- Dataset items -
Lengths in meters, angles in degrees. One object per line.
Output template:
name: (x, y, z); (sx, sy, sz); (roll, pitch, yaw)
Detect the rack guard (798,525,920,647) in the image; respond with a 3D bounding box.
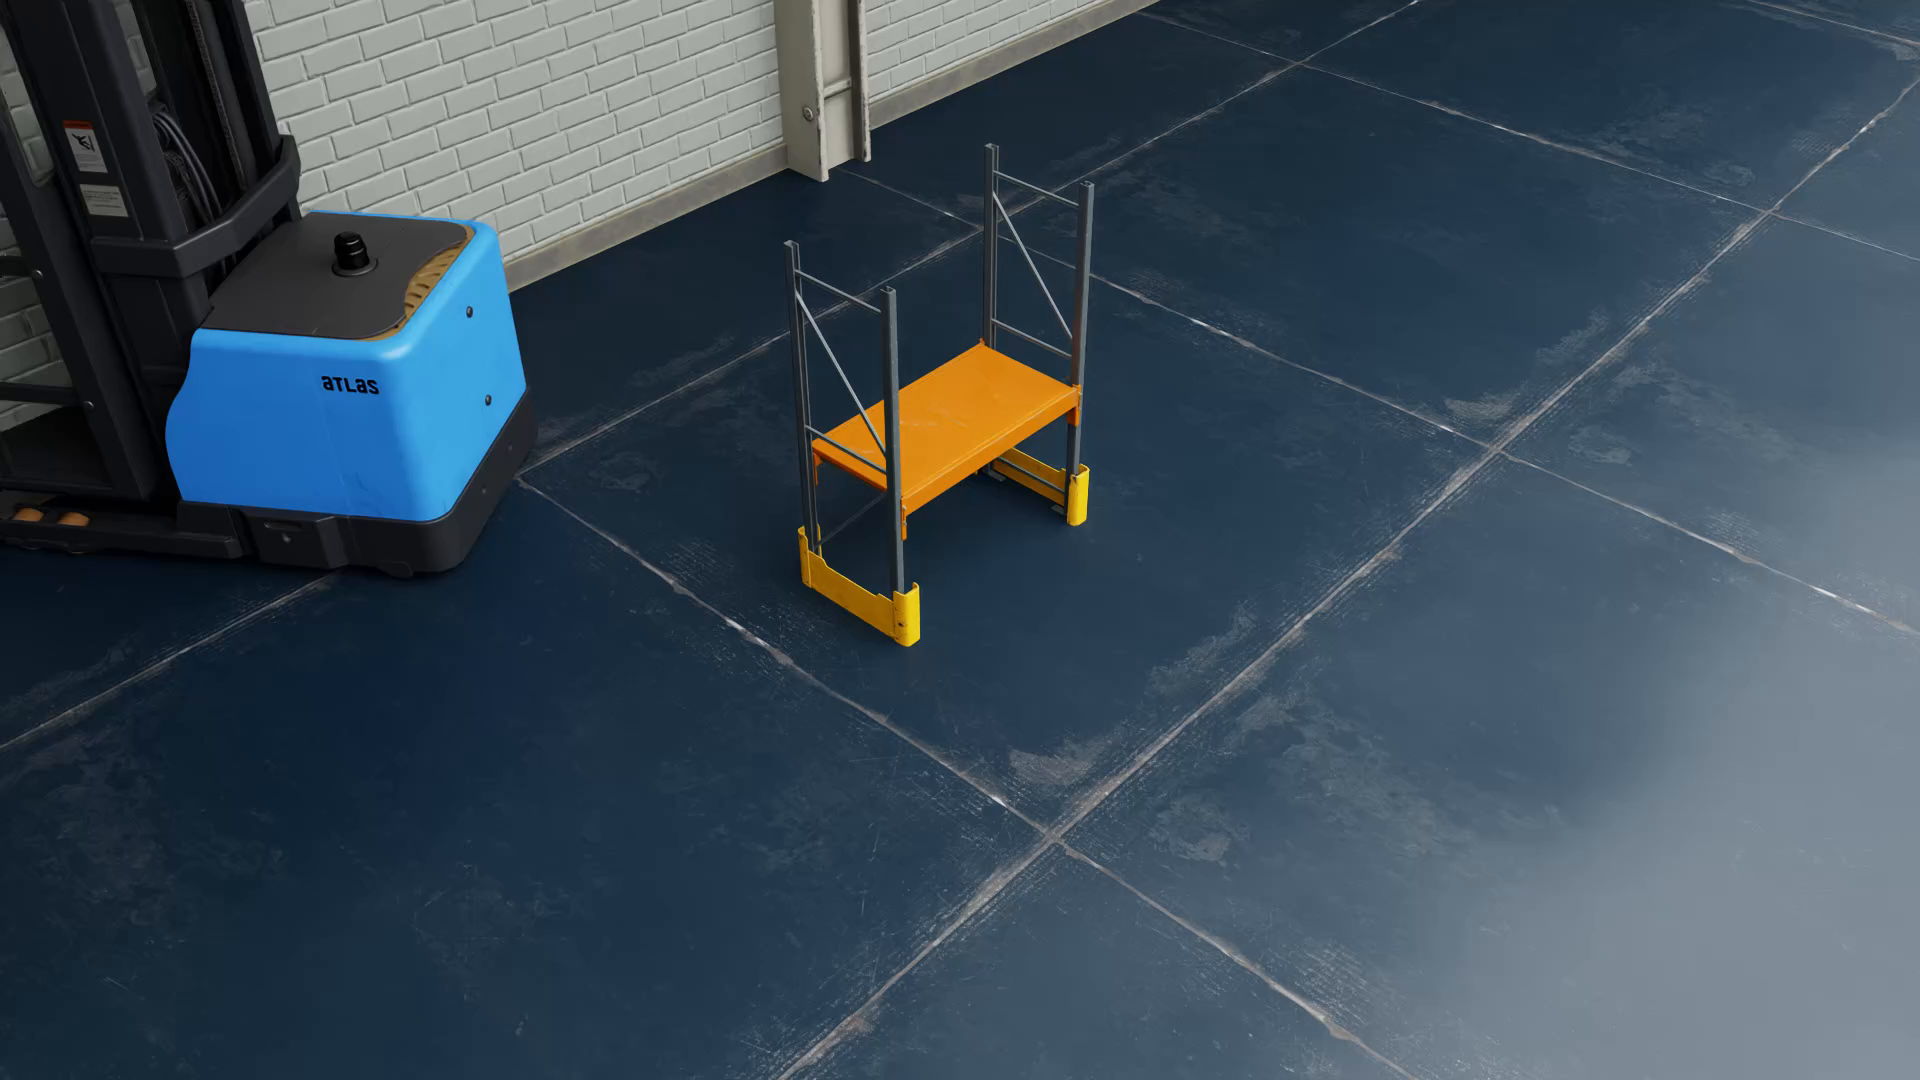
rack guard: (-0.387, 0.166, 6.340); (0.587, 0.250, 0.087); (30, 47, 32)

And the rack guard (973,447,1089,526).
rack guard: (0.285, -0.292, 6.916); (0.587, 0.250, 0.087); (30, 47, 32)

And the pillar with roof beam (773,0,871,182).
pillar with roof beam: (2.429, -3.861, 4.375); (9.100, 9.000, 0.400); (30, 47, 32)

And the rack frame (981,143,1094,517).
rack frame: (0.285, -0.781, 6.528); (0.500, 1.500, 0.032); (30, 47, 32)

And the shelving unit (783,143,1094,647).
shelving unit: (-0.051, -0.552, 6.239); (0.587, 1.500, 1.083); (30, 47, 32)

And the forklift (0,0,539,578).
forklift: (-3.387, -1.411, 6.170); (3.031, 2.935, 1.130); (5, 39, 6)

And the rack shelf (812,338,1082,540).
rack shelf: (-0.058, -0.407, 6.346); (0.538, 0.185, 1.000); (30, 47, 32)

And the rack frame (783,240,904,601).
rack frame: (-0.400, -0.314, 5.940); (0.500, 1.500, 0.032); (30, 47, 32)

- Directions -
Repeat the entries exactly and keep the pictures out of the copy.

- Written answer -
Lengths in meters, angles in degrees. One object per line.
Output template:
name: (x, y, z); (sx, sy, sz); (roll, pitch, yaw)
Detect the rack guard (798,525,920,647) in the image; respond with a 3D bounding box.
rack guard: (-0.387, 0.166, 6.340); (0.587, 0.250, 0.087); (30, 47, 32)

And the rack guard (973,447,1089,526).
rack guard: (0.285, -0.292, 6.916); (0.587, 0.250, 0.087); (30, 47, 32)

And the pillar with roof beam (773,0,871,182).
pillar with roof beam: (2.429, -3.861, 4.375); (9.100, 9.000, 0.400); (30, 47, 32)

And the rack frame (981,143,1094,517).
rack frame: (0.285, -0.781, 6.528); (0.500, 1.500, 0.032); (30, 47, 32)

And the shelving unit (783,143,1094,647).
shelving unit: (-0.051, -0.552, 6.239); (0.587, 1.500, 1.083); (30, 47, 32)

And the forklift (0,0,539,578).
forklift: (-3.387, -1.411, 6.170); (3.031, 2.935, 1.130); (5, 39, 6)

And the rack shelf (812,338,1082,540).
rack shelf: (-0.058, -0.407, 6.346); (0.538, 0.185, 1.000); (30, 47, 32)

And the rack frame (783,240,904,601).
rack frame: (-0.400, -0.314, 5.940); (0.500, 1.500, 0.032); (30, 47, 32)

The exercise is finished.